Anhelaba desesperadamente una oportunidad para revertir el destino de la línea Helian... porque, apenas cien años atrás, una gran oportunidad había sido enterrada por sus propias manos.
Aquel... llamado "Mo Beichen".
Sin decir más, la energía de Ku Xian barrió a Yun Che: —Entonces, por ahora, quédate aquí. Gravemente herido como está, que sobreviva o no dependerá de su propio destino.

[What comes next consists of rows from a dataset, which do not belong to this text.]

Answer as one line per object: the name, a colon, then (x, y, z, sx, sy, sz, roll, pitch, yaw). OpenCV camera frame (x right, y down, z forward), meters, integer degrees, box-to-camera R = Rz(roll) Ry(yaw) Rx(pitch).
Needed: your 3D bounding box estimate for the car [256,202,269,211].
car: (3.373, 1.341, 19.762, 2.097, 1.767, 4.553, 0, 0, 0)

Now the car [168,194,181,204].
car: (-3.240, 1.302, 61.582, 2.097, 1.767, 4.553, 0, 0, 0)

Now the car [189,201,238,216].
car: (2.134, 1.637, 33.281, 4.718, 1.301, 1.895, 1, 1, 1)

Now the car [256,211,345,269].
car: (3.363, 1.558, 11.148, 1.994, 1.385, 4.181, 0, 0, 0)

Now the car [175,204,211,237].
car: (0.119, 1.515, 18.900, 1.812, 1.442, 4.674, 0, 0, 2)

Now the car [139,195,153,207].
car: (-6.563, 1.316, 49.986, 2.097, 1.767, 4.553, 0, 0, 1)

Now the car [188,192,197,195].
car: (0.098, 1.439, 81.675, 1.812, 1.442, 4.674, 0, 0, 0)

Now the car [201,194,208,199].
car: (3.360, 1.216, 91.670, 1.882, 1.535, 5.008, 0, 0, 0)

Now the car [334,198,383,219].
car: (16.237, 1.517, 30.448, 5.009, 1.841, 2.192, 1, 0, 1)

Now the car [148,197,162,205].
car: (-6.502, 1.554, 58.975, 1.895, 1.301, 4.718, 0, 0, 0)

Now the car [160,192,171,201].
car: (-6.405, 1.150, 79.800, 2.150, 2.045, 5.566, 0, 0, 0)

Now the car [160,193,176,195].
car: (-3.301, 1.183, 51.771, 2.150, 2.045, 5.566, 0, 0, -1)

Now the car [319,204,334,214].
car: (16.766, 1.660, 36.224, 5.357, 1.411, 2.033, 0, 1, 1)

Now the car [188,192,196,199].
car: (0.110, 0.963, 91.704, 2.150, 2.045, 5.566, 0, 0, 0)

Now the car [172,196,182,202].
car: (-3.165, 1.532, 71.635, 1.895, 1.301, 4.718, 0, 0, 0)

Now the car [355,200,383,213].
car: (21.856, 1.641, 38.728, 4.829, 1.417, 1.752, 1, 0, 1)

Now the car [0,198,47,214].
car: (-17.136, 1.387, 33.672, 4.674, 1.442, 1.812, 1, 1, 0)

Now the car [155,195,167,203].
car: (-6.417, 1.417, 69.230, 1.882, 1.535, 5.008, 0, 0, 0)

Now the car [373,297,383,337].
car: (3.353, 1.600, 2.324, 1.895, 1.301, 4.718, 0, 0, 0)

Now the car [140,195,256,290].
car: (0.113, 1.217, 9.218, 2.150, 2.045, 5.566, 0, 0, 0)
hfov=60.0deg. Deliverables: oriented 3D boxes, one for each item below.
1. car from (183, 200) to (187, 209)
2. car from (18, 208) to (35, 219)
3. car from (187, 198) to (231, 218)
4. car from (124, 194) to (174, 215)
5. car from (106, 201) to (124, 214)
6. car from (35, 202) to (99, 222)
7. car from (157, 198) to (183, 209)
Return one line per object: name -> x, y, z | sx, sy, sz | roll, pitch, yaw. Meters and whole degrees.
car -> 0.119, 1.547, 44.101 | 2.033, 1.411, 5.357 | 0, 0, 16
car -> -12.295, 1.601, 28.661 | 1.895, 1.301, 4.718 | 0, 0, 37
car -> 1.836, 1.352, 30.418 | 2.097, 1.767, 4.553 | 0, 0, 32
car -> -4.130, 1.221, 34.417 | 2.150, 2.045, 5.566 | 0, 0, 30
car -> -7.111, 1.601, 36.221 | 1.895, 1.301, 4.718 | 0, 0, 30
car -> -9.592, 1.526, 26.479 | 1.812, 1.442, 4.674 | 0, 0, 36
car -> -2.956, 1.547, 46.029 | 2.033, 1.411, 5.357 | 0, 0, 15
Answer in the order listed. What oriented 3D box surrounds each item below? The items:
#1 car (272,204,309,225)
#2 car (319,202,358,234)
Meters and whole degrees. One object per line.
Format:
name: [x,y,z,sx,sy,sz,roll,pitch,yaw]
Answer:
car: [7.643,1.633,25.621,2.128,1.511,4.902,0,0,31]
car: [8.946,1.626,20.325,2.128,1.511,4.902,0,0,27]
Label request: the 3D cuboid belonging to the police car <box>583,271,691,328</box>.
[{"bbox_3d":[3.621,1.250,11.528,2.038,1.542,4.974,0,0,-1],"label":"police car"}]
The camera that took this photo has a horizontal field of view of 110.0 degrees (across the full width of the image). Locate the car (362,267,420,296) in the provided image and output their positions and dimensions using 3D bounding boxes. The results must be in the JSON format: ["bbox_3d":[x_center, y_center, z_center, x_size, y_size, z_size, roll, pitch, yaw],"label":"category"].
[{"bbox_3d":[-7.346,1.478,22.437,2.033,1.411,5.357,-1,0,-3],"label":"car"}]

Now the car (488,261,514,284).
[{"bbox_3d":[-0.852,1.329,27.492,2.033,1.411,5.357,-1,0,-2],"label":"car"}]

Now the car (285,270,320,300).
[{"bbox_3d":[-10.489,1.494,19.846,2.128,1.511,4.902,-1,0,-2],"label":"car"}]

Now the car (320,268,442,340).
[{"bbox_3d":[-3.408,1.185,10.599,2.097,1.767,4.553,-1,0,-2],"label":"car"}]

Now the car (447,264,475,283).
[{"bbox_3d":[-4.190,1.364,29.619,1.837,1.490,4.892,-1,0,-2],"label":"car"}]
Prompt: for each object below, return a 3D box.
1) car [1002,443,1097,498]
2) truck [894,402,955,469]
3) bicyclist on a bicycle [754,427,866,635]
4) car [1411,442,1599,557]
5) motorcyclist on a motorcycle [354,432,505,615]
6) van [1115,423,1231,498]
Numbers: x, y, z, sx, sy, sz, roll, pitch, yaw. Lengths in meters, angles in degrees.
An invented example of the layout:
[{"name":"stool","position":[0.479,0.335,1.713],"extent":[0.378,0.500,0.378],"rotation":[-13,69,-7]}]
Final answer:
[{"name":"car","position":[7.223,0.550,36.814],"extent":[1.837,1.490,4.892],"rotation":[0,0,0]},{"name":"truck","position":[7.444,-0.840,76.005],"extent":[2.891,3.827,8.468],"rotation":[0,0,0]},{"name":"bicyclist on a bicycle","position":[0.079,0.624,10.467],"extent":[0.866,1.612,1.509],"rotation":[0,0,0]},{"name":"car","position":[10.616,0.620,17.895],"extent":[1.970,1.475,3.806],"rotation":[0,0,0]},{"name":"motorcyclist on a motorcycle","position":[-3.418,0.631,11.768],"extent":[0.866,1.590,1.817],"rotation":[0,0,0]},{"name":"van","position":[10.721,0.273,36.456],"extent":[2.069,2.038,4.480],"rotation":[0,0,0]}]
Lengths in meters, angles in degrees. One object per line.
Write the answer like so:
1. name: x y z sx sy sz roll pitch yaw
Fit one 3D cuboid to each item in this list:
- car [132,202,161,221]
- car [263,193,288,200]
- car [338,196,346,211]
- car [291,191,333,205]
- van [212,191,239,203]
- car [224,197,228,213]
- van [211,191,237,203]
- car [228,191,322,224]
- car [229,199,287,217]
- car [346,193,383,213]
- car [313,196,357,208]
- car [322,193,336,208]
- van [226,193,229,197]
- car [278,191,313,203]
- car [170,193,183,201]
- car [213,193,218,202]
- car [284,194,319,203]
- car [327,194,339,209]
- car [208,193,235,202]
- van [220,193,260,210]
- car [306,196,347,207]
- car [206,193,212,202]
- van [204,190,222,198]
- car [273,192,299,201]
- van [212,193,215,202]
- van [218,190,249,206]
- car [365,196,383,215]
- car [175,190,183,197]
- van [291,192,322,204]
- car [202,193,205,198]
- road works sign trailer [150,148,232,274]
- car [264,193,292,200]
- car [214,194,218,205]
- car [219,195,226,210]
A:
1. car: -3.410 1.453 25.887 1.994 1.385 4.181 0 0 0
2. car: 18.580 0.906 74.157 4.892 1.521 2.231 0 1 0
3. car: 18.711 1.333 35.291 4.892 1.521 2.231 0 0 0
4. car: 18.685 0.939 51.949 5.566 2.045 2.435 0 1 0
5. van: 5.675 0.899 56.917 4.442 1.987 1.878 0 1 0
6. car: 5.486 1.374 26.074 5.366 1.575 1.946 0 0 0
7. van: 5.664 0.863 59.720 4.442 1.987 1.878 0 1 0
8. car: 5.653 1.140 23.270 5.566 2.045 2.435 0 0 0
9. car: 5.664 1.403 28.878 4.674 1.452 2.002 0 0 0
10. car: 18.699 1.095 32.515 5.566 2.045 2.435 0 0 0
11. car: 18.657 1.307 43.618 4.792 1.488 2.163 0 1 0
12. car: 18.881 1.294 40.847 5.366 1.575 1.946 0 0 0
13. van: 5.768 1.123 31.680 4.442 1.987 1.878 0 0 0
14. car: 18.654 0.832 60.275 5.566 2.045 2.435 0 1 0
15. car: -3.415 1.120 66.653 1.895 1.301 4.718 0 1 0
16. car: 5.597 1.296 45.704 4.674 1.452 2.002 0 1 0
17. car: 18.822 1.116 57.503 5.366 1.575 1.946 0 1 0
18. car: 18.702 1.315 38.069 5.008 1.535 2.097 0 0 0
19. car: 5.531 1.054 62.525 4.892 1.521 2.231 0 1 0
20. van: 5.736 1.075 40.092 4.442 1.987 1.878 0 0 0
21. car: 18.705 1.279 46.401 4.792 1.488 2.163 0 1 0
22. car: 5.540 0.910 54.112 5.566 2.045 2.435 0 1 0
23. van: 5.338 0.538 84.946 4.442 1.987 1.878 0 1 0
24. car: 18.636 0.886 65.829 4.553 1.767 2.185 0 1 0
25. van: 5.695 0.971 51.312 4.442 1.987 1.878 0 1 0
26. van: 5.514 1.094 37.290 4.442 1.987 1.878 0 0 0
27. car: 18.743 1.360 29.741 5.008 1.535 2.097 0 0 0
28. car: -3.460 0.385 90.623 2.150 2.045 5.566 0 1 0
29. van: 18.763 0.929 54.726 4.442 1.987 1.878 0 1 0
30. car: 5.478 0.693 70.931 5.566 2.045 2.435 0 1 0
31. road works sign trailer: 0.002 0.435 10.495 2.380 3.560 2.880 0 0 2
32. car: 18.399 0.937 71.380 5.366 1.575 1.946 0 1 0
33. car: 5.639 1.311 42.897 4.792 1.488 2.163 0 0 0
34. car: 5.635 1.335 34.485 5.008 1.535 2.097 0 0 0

Atravesando capas de barreras, la presencia del polvo abismal se debilitó gradualmente. Finalmente, Yun Che fue colocado en una habitación lateral tranquila.
No "despertó" de inmediato. Contuvo por completo su energía, percibiendo en silencio todo a su alrededor.
El encuentro casual en la tormenta de arena había convertido este lugar en su punto de partida en el mundo del Abismo.
Este mundo realmente existía, y él había llegado vivo a él.
Aunque solo era su primer día en este mundo, el propósito de su venida —más bien, su misión— había golpeado su mar de almas innumerables veces.
Todo en este mundo era enemigo.
No podía retroceder ni un paso, no podía dudar ni un momento, no podía mostrar ni una pizca de compasión.
¡Porque si este mundo no caía, el mundo del que provenía sería el que caería!
Solo, enfrentando un mundo vasto.
Debía... usar todo lo que pudiera usar, sin importar los medios.
Aunque fueran malvados, crueles, viles, sucios...
Y lo más importante, lo que Chi Wuyao le había exigido cumplir...
¡Desapasionamiento!
......
......
La arena furiosa aullaba, cubriendo el cielo y el sol. Hasta donde alcanzaba la vista, el infierno de los nueve abismos no sería diferente.
Entre la tormenta de arena, poco a poco emergió la silueta de una joven.
Vestida con gasa de nieve, ojos como estrellas y luna, piel como jade. La gasa cubría gran parte de su rostro, dejando ver solo media cara, pero ya deslumbraba la arena salvaje y cautivaba la tormenta.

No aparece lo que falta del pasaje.